Given data section start

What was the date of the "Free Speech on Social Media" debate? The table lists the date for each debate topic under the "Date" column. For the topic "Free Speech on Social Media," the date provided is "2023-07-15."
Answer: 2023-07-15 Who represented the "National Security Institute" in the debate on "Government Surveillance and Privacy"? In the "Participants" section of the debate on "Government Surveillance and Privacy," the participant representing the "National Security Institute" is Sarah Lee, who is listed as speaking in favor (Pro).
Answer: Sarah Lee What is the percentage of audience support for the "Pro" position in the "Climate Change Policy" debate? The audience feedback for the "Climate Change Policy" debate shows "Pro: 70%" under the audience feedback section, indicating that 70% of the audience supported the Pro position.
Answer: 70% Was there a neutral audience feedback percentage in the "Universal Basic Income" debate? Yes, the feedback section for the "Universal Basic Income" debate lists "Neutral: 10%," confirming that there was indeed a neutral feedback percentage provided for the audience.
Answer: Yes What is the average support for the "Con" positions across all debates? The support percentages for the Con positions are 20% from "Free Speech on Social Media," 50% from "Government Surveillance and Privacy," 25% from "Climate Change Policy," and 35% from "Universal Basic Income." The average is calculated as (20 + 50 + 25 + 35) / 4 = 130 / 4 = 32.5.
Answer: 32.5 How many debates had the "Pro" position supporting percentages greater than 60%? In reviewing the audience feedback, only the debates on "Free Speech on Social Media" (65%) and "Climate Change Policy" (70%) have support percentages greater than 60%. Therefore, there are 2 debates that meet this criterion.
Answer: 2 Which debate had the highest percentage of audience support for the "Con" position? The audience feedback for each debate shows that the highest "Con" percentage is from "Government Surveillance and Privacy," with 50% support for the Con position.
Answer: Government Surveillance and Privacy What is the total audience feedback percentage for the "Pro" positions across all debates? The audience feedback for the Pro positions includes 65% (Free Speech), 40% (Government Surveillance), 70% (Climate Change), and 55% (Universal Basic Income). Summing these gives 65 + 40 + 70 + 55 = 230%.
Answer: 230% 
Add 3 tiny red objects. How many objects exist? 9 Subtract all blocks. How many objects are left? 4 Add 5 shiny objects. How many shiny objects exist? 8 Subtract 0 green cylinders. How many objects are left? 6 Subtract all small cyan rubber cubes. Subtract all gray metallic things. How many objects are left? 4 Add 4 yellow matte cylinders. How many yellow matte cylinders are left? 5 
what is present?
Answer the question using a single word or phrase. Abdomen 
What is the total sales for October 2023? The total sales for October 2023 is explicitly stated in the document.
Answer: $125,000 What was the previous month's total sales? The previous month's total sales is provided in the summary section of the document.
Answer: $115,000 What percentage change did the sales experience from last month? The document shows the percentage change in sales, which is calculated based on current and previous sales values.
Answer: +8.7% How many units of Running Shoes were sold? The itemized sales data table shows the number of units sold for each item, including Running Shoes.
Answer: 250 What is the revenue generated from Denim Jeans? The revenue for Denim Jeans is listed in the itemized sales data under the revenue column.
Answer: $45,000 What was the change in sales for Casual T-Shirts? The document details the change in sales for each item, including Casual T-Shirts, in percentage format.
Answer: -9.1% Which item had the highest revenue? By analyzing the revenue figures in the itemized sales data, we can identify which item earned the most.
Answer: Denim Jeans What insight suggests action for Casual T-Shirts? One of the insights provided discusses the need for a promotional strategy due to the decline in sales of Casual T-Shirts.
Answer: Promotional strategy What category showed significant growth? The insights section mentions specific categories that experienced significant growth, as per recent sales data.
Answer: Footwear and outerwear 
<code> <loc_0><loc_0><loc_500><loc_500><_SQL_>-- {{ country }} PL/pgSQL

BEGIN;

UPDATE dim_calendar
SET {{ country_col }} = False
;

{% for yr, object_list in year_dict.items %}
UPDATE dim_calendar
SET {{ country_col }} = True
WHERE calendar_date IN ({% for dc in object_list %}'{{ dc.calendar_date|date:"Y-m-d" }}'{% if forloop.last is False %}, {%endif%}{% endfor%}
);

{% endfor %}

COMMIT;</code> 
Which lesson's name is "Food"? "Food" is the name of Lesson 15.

Given data section end

### What is needed
Among the lines above, repeat exactly those from the line with "Answer: $125,000 What" to the line with "Answer: +8.7% How", counting both ends.

### Solved exercise
Answer: $125,000 What was the previous month's total sales? The previous month's total sales is provided in the summary section of the document.
Answer: $115,000 What percentage change did the sales experience from last month? The document shows the percentage change in sales, which is calculated based on current and previous sales values.
Answer: +8.7% How many units of Running Shoes were sold? The itemized sales data table shows the number of units sold for each item, including Running Shoes.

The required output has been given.